Konsili Vatikan II, melalui Dekrit Apostolicam Actuositatem ini, tak hanya berseru agar para awam harus ikut serta mewartakan Injil di dunia yang makin sekuler ini, tetapi juga mengakui bahwa di dunia nyata, peran awam jauh lebih jelas dan lebih menuntut dalam merasul.

Para awam lebih nyata “berjuang” mewartakan Injil di lingkungan hidup dan lingkungan kerjanya di tengah masyarakat luas.

Bagi kaum awam terbukalah amat banyak kesempatan untuk melaksanakan kerasulan pewartaan Injil dan pengudusan. Kesaksian hidup kristiani sendiri beserta amal baik yang dijalankan dengan semangat adikodrati, mempunyai daya-kekuatan untuk menarik orang-orang kepada iman dan kepada Allah. Sebab Tuhan bersabda: “Demikianlah hendaknya terangmu bercahaya di depan orang, supaya mereka melihat perbuatanmu yang baik dan memuliakan Bapamu di sorga” (Mat 5:16)” – AA 3.

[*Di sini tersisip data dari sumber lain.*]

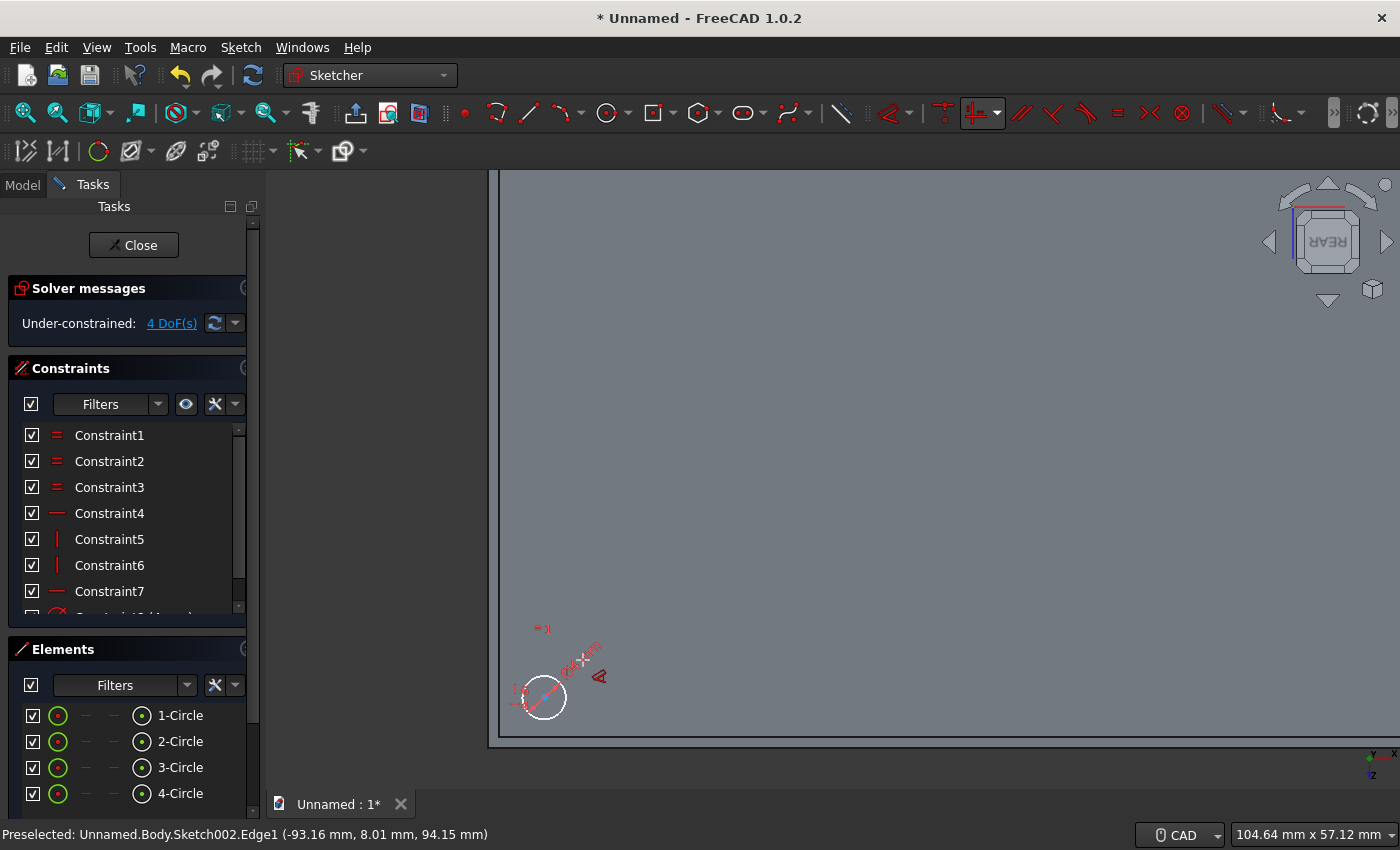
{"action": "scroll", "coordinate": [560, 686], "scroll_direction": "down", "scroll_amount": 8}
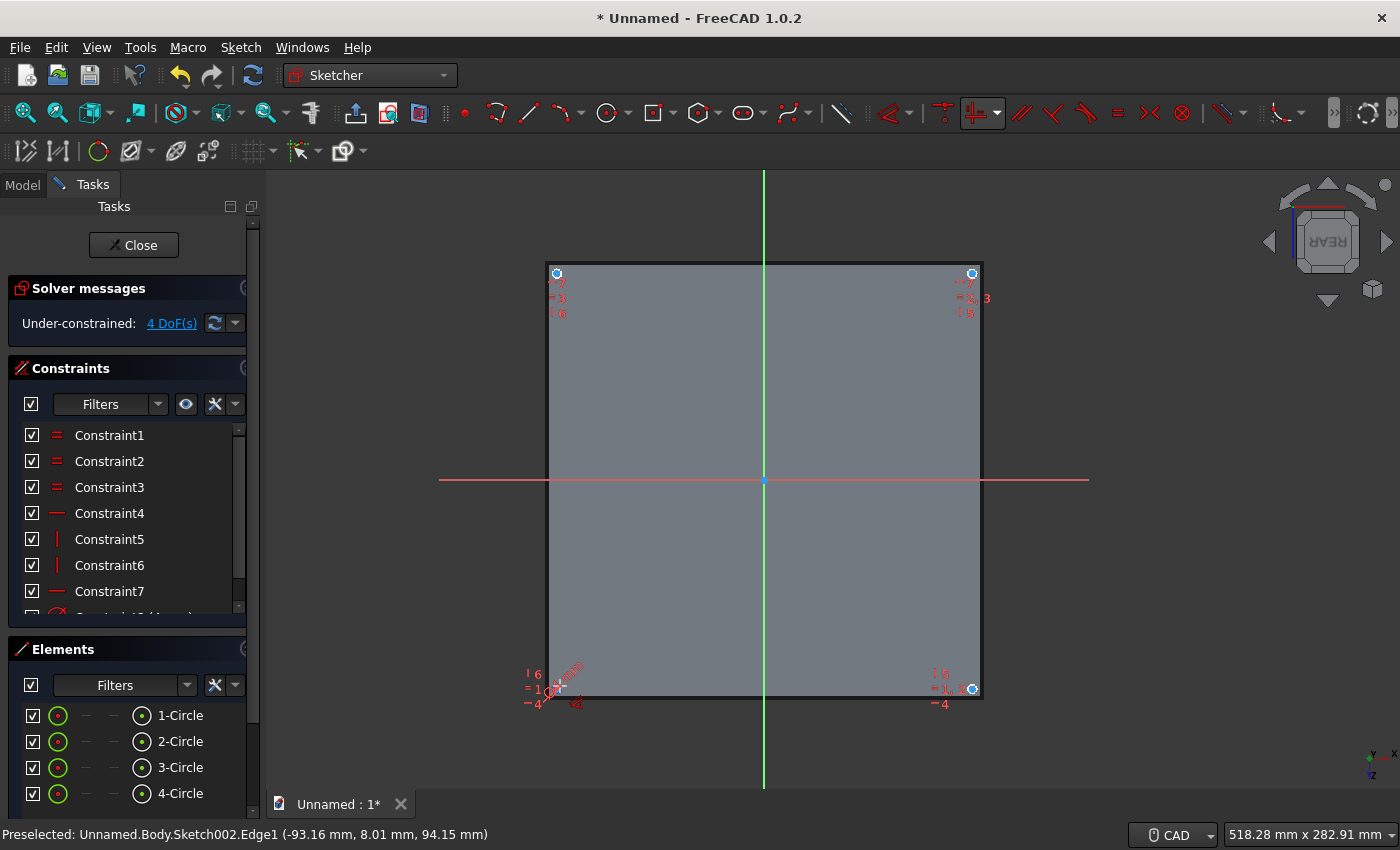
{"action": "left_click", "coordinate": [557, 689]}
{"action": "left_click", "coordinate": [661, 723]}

Pada hemat saya, JB Sumarlin sudah menjadi “pijar” seruan Vatikan II itu dalam melaksanakan amanah Tuhan mewartakan Kabar Baik kepada dunia. Pak Marlin sudah menghidupi dengan baik janji baptisnya menjadi garam dan terang yang bersinar di negeri ini.

Mengapa JB Sumarlin menjadi tokoh bangsa yang besar dan tokoh Katolik teladan?

Menurut pelbagai disiplin ilmu, kebesaran seseorang sebenarnya bisa diukur. Kualitasnya juga bisa ditentukan dengan pelbagai metode penelitian.

Menjalankan amanah

Yang pasti, kebesaran seseorang bukan hanya diukur dari “kesibukan” dan jabatan yang pernah diembannya, melainkan bagaimana “amanah” itu dijalankan.

Seperti sudah selalu kita saksikan, yang namanya jabatan, kursi, dan kekuasaan itu ternyata bisa “dijual”, bisa “dibeli”, bisa “dinegosiasikan”, bisa “dikompromikan” dan terlalu sering bisa “disalahgunakan”.

Pak Marlin menjadi tokoh besar, karena semua tugas, pekerjaan dan jabatan yang pernah diterimanya, telah dijalankan dengan baik, benar, jujur, tekun, setia, kompeten, penuh tanggungjawab dan integritas yang tinggi.

Ketika menjadi Menteri PAN (Penertiban Aparatur Negara), dia ada di garda depan dalam memberantas “pungli” (pungutan liar). Dalam perumpamaan Injil: ia sudah menjadi hamba yang baik dan setia.

Ketika para baPak Konsili Vatikan II berseru: “Para awam – melalui bermacam-macam bentuk dan cara dalam satu kerasulan Gereja, yang tiada hentinya harus disesuaikan dengan kebutuhan-kebutuhan zaman yang baru, – membawakan diri sebagai rekan-rekan sekerjaNya, selalu giat dalam karya Tuhan (lih. 1Kor 15:58)” – (AA 33).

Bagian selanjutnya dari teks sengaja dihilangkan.